Exercise prompt:
Repeat exactly the lines running from the first line of the data to the line containing "From the logic-analyzer", both ends included, and nothing else; drop the pictures.

Records supplied:
#####

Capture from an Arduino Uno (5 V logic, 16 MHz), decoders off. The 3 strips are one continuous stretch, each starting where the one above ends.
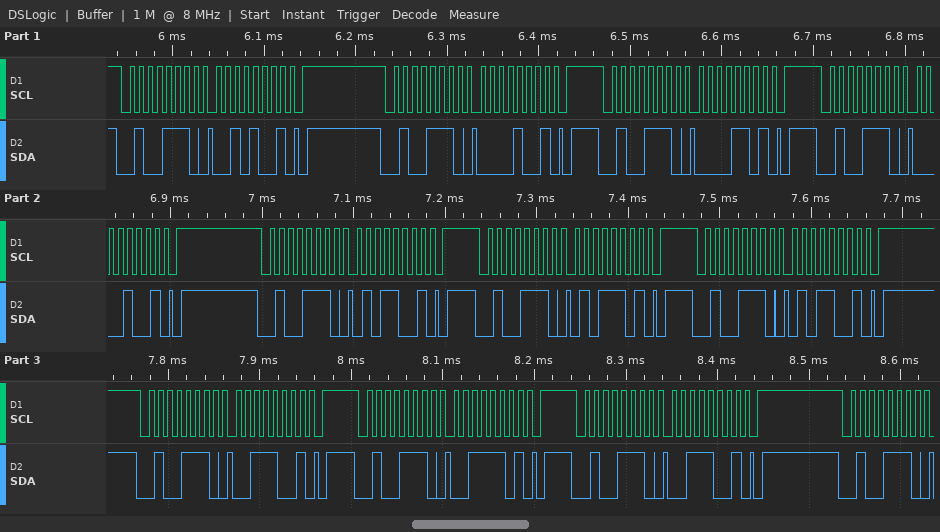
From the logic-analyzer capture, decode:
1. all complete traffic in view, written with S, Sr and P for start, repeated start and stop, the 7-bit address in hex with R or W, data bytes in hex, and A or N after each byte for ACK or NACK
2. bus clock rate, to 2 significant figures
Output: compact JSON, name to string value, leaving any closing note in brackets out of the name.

{"all complete traffic in view, written with S, Sr and P for start, repeated start and stop, the 7-bit address in hex with R or W, data bytes in hex, and A or N after each byte for ACK or NACK": "S 27W A 29 A P S 27W A 09 A P S 27W A 0D A P S 27W A 09 A P S 27W A 59 A P S 27W A 5D A P S 27W A 59 A P S 27W A 39 A P S 27W A 3D A P S 27W A 39 A P S 27W A", "bus clock rate, to 2 significant figures": "100 kHz"}
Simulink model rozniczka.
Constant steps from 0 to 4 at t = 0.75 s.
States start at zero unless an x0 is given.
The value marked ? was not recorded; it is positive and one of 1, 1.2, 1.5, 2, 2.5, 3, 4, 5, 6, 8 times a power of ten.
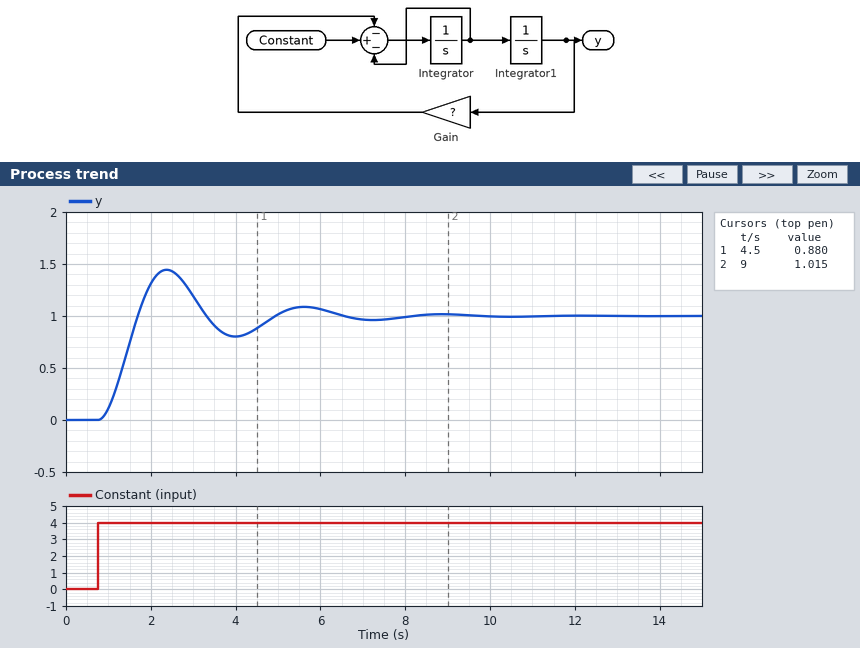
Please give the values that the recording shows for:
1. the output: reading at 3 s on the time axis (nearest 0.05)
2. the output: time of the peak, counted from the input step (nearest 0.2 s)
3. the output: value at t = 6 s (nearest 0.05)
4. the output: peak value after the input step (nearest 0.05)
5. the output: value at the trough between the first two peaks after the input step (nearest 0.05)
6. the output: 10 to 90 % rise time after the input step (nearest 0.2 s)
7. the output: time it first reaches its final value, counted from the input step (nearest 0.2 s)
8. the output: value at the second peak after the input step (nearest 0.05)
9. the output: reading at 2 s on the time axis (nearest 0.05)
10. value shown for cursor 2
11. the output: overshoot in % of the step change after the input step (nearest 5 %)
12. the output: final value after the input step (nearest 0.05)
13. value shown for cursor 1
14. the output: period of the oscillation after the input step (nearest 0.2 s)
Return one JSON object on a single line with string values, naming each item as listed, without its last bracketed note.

{"the output: reading at 3 s on the time axis": "1.20", "the output: time of the peak, counted from the input step": "1.6 s", "the output: value at t = 6 s": "1.05", "the output: peak value after the input step": "1.45", "the output: value at the trough between the first two peaks after the input step": "0.80", "the output: 10 to 90 % rise time after the input step": "0.6 s", "the output: time it first reaches its final value, counted from the input step": "1.0 s", "the output: value at the second peak after the input step": "1.10", "the output: reading at 2 s on the time axis": "1.30", "value shown for cursor 2": "1.015", "the output: overshoot in % of the step change after the input step": "45 %", "the output: final value after the input step": "1.00", "value shown for cursor 1": "0.880", "the output: period of the oscillation after the input step": "3.2 s"}
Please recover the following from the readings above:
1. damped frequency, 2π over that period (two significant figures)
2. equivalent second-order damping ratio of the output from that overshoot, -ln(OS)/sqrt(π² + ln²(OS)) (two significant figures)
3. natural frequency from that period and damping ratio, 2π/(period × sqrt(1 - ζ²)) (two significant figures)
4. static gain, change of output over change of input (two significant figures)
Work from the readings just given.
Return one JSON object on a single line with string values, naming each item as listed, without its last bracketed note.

{"damped frequency, 2π over that period": "2.0 rad/s", "equivalent second-order damping ratio of the output from that overshoot, -ln(OS)/sqrt(π² + ln²(OS))": "0.25", "natural frequency from that period and damping ratio, 2π/(period × sqrt(1 - ζ²))": "2.0 rad/s", "static gain, change of output over change of input": "0.25"}
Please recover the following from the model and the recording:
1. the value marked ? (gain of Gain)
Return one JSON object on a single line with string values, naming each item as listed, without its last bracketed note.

{"the value marked ?": "4"}
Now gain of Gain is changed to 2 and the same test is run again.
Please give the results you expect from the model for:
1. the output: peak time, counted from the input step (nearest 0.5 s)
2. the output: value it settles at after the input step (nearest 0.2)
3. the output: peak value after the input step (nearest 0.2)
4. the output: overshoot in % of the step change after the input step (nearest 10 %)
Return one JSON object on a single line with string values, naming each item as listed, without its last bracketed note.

{"the output: peak time, counted from the input step": "2.5 s", "the output: value it settles at after the input step": "2.0", "the output: peak value after the input step": "2.6", "the output: overshoot in % of the step change after the input step": "30 %"}
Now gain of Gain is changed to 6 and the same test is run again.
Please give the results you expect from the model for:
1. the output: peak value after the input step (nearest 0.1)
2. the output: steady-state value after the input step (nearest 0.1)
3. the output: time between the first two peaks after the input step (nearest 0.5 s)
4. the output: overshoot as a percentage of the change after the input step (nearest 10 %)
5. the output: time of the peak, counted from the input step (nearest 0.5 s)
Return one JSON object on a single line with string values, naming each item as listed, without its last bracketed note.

{"the output: peak value after the input step": "1.0", "the output: steady-state value after the input step": "0.7", "the output: time between the first two peaks after the input step": "2.5 s", "the output: overshoot as a percentage of the change after the input step": "50 %", "the output: time of the peak, counted from the input step": "1.5 s"}

#####

Response for this exercise:
Capture from an Arduino Uno (5 V logic, 16 MHz), decoders off. The 3 strips are one continuous stretch, each starting where the one above ends.
From the logic-analyzer capture, decode:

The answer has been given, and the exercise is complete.